Exister et connaître sont les deux faces de la même pièce. Comme tout idéalisme, le solipsisme met la pensée au centre de son approche et est incapable de voir la pensée comme une propriété matérielle. Pour un solipsiste seul quelque chose qui « pense », donc un animal, peut connaître. La connaissance est incompréhensible à partir de propriétés de la matière inerte. Ceci est faux.

Exister c’est avoir un effet, connaître c’est avant tout ressentir un effet. Or pour ressentir l’effet d’un objet il faut partager avec lui les propriétés qui lui permettent d’avoir cet effet. Donc soi-même avoir un effet par conséquent. De façon très simple : pour ressentir et donc connaitre l’attraction électrique il faut que l’objet qui nous attire ait une charge (= sa propriété) mais il faut que nous aussi nous ayons une charge, donc, en l’occurrence, nous l’attirons aussi. Pour connaitre la gravité il faut que nous ayons une masse et que l’objet qui nous « attire » ait une masse aussi.

Un objet qui n’a aucun effet n’existe pas. Exister c’est avoir un effet. Fondamentalement, en science, nous ne percevons pas des objets, nous percevons les effets de ces objets. Nous percevons leurs effets sur nos sens ou sur nos instruments de mesure. Toute connaissance correspond donc à un transfert d’énergie.

La pensée ne fonctionne pas différemment. Lorsque nous voyons un objet c’est que notre œil reçoit des photons provenant de cet objet. Les photons sont des particules énergétiques, des particules de lumière. Cependant, dans le cas d’organisme tels que nous ce phénomène d’échange énergétique est beaucoup plus complexe. L’énergie est convertie en diverse forme complexe. Notre œil reçoit un photon et émet un signal électrique par voie nerveuse jusqu’à notre cerveau. Ce signal électrique prend lui aussi plusieurs formes : à l’intérieur du neurone il correspond à un flux d’électron, entre deux neurones différents, au niveau de la synapse, il correspond à un échange chimique d’ions. Les ions sont des molécules chargées, une molécule est un ensemble d’atomes et les atomes sont constitués de protons et d’électrons, une molécule est plusieurs millions de fois plus grosse qu’un électron, c’est dire à quel point le signal change de nature.

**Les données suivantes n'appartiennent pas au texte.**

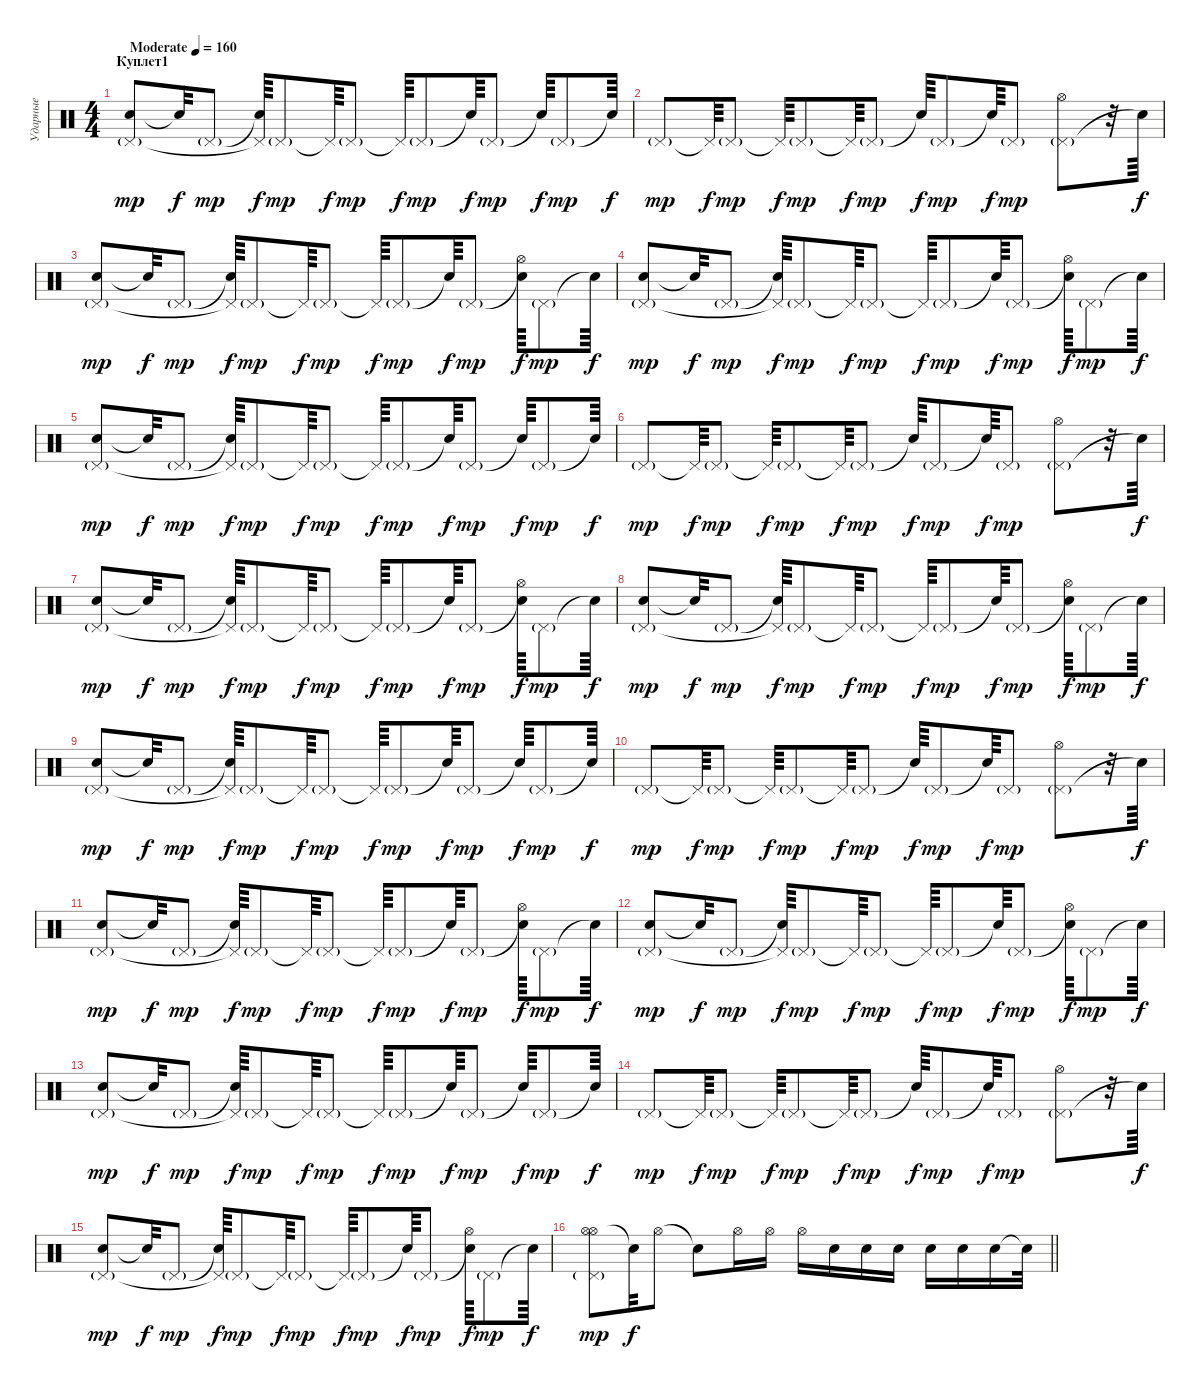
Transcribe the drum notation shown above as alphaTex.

Tout ceci est important pour montrer la force du matérialisme. La matière et l’énergie sont la même chose, c’est ce qu’enseigne la célèbre formule d’Einstein E = mc². L’énergie (en joules) égale la masse (en kilogrammes) multipliée par environ 300 millions (vitesse de la lumière en mètres par seconde). La matière communique avec elle même en échangeant de l’énergie sous diverses formes. Aucune matière n’a aucun effet. Ce qui se présente à nos sens et à nos instruments de mesure c’est avant tout les effets de la matière, c’est-à-dire de l’énergie émis par un objet matériel. Or on ne peut démontrer l’existence que de ce qui a un effet soit sur nos sens, soit sur nos instruments de mesure. Donc tout ce qui existe est forcément quelque chose qui émet de l’énergie et ce qui l’émet. Comme l’énergie et la matière sont une seule et même chose sous deux formes différentes, tout ce qui existe est matière.

Nos sens et notre conscience ne perçoivent pas toutes les formes d’énergie qui existent. Celles-ci doivent être suffisamment intenses et correspondre à nos récepteurs.